═════ DATA TO PROCESS ═════

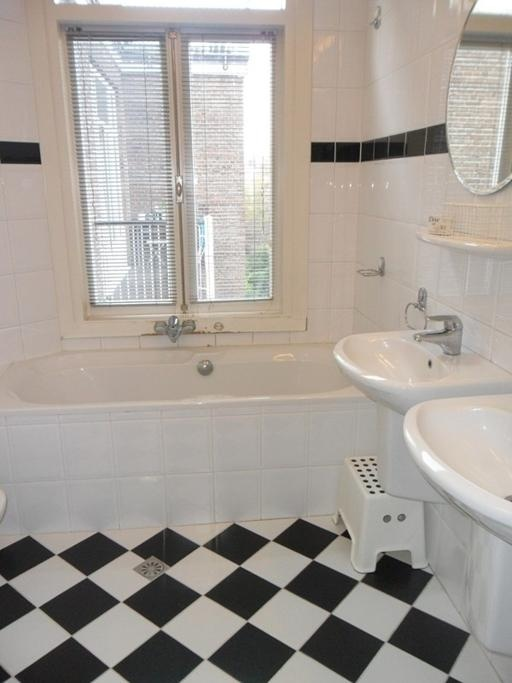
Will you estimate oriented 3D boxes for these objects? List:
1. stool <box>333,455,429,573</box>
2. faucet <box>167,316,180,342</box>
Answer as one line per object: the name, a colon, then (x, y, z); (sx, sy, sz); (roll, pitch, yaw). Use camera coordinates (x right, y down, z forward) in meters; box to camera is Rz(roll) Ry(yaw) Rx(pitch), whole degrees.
stool: (0.407, 0.602, 1.865); (0.323, 0.286, 0.434); (-4, 18, -7)
faucet: (-0.431, -0.073, 2.639); (0.072, 0.121, 0.057); (-2, 14, 1)
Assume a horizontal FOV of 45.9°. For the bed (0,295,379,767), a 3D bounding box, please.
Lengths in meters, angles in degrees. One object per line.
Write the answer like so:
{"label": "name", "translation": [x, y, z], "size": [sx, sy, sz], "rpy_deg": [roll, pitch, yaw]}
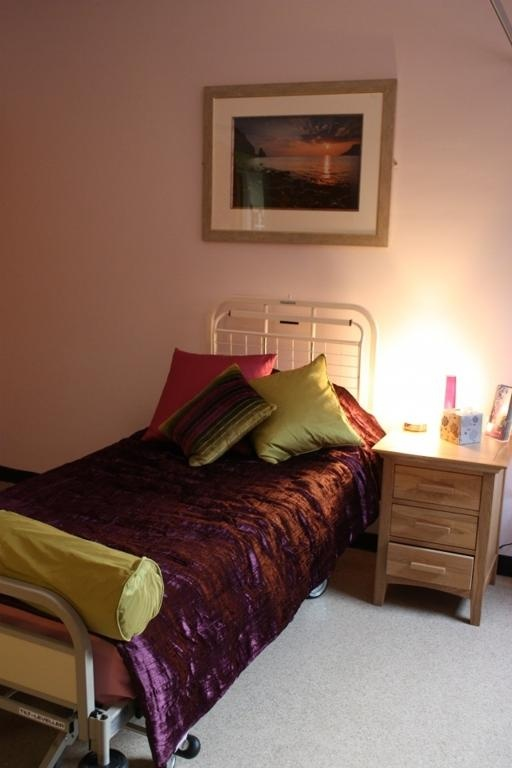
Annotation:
{"label": "bed", "translation": [-0.103, 0.190, 2.360], "size": [0.706, 0.889, 1.343], "rpy_deg": [9, 23, 25]}

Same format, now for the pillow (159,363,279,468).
{"label": "pillow", "translation": [-0.161, 0.107, 2.359], "size": [0.383, 0.345, 0.375], "rpy_deg": [0, 6, -19]}

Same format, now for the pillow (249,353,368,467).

═════

== PROBLEM TO WORK ON ==
Could you write all the entries out again exactly, but without their pictures?

== ANSWER TO THE PROBLEM ==
Will you estimate oriented 3D boxes for these objects? List:
1. stool <box>333,455,429,573</box>
2. faucet <box>167,316,180,342</box>
Answer as one line per object: the name, a colon, then (x, y, z); (sx, sy, sz); (roll, pitch, yaw). Use camera coordinates (x right, y down, z forward) in meters; box to camera is Rz(roll) Ry(yaw) Rx(pitch), whole degrees.
stool: (0.407, 0.602, 1.865); (0.323, 0.286, 0.434); (-4, 18, -7)
faucet: (-0.431, -0.073, 2.639); (0.072, 0.121, 0.057); (-2, 14, 1)
Assume a horizontal FOV of 45.9°. For the bed (0,295,379,767), a 3D bounding box, please.
Lengths in meters, angles in degrees. One object per line.
Write the answer like so:
{"label": "name", "translation": [x, y, z], "size": [sx, sy, sz], "rpy_deg": [roll, pitch, yaw]}
Annotation:
{"label": "bed", "translation": [-0.103, 0.190, 2.360], "size": [0.706, 0.889, 1.343], "rpy_deg": [9, 23, 25]}

Same format, now for the pillow (159,363,279,468).
{"label": "pillow", "translation": [-0.161, 0.107, 2.359], "size": [0.383, 0.345, 0.375], "rpy_deg": [0, 6, -19]}

Same format, now for the pillow (249,353,368,467).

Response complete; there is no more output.